Hyundai Marine & Fire Insurance (Jeon, general manager):

“PDFs are fit for conservative insurance companies. We will continue to increase exposure to them. We have concentrated on sponsored-deals because they involve M&As and thus their information is open to the public and fully reviewed by accounting and law firms.”

“In comparison, non-sponsored deals, despite high yields, take time to conduct due diligence and negotiate over terms and conditions. The gap between managers is wide. Thus we feel more comfortable with sponsored-deals.”

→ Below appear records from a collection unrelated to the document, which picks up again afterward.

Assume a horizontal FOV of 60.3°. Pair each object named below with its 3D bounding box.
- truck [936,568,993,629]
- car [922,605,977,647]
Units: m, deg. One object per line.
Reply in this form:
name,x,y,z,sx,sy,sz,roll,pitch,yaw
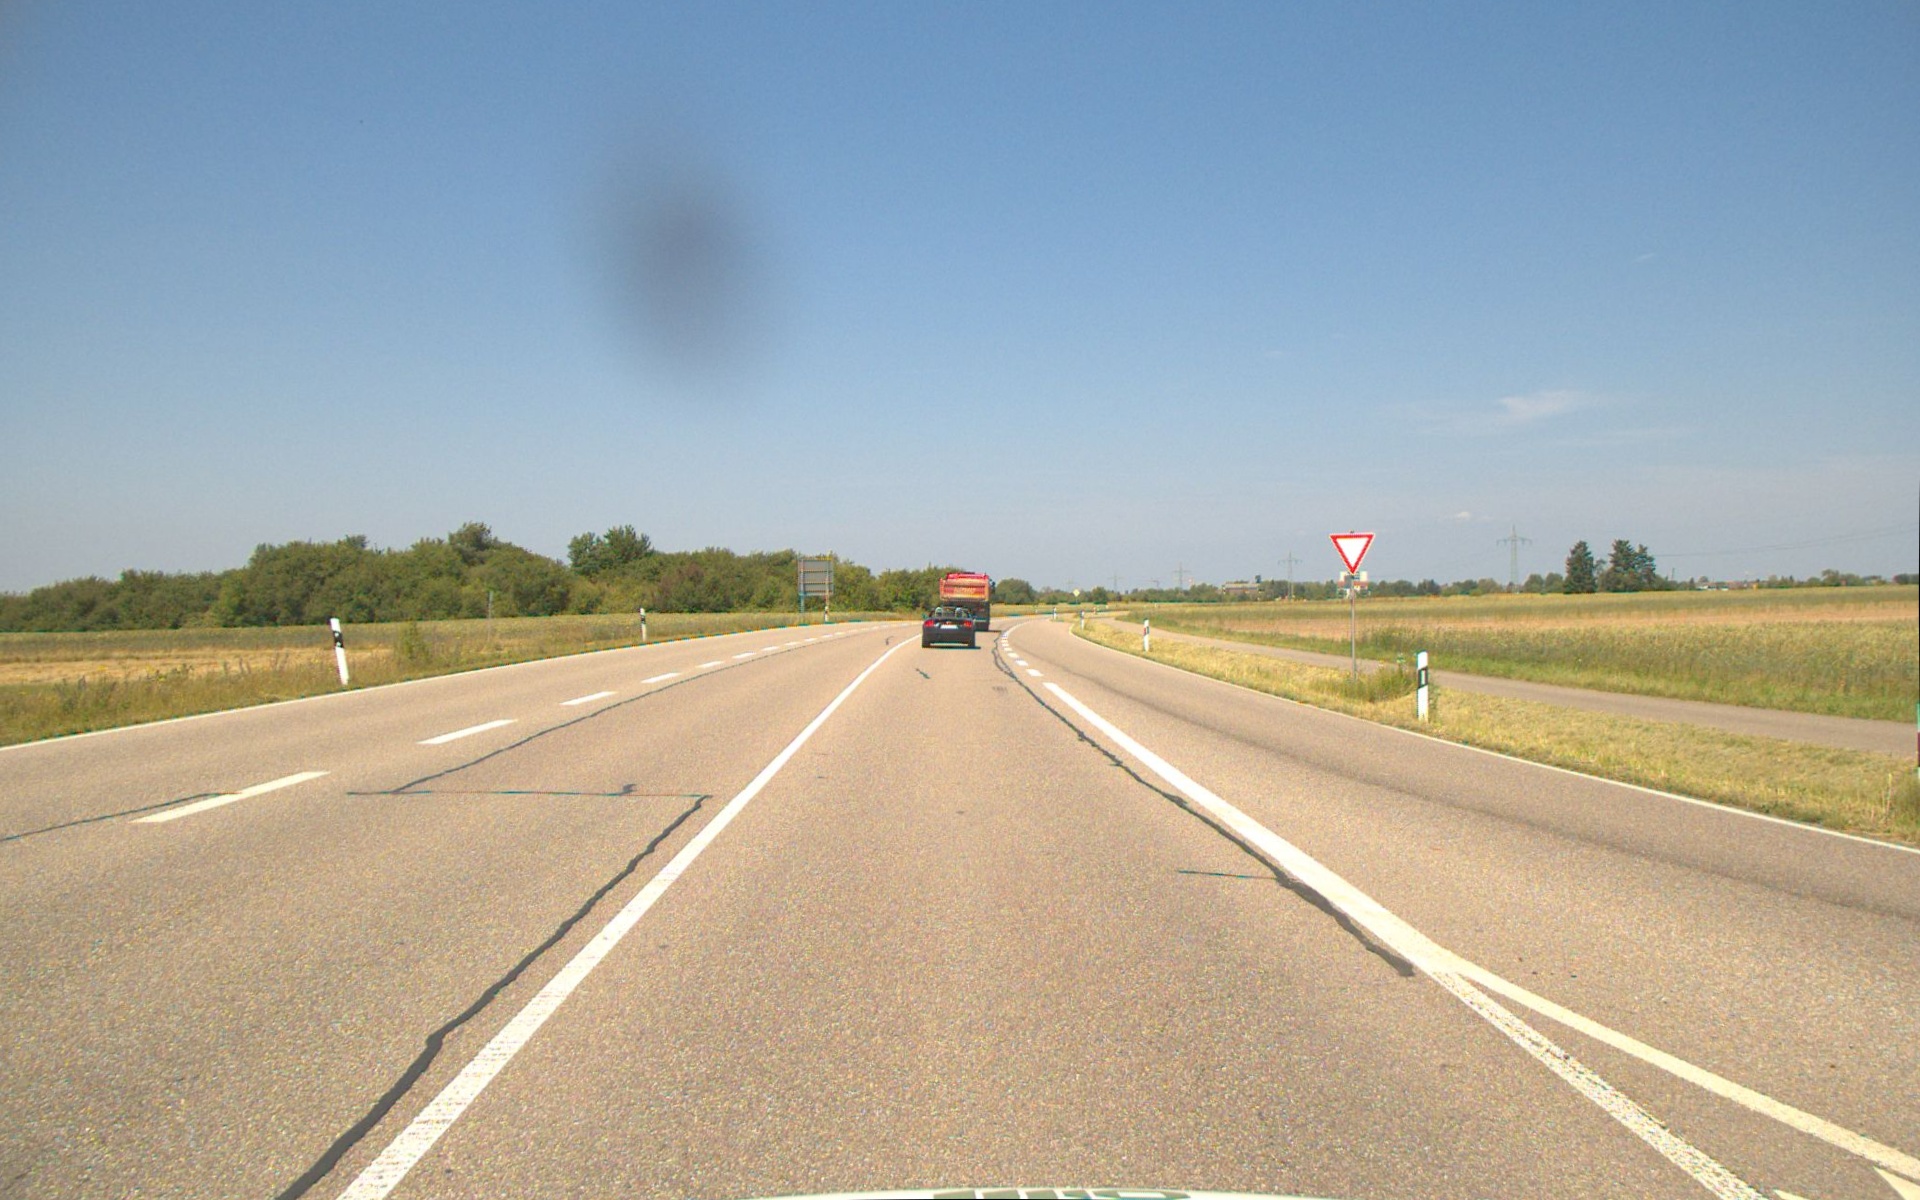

Korea Scientists & Engineers Mutual-aid Association (Hwang, general manager):

“We are looking for co-investment opportunities by committing to blind-pool co-investment and buyout funds abroad. Domestic GPs continue to create co-investment opportunities using their global networks and trying to launch funds.”

“It may be natural for us to take more interest in those who come and introduce products on a frequent basis. There must be a difference between those who visit us once or twice and those coming three to four times.”

KB Insurance (Jung, team head):

“We have a slightly larger exposure to PEFs compared with other insurance companies with a similar asset size. We are considering raising their proportion slightly.”

“But because of high capital costs for PEF investment and high valuations, we will focus our PE investment on individual funds investing in individual value-creating companies at lower prices than the entry-level price, rather than big funds chasing large-size deals and auctions.”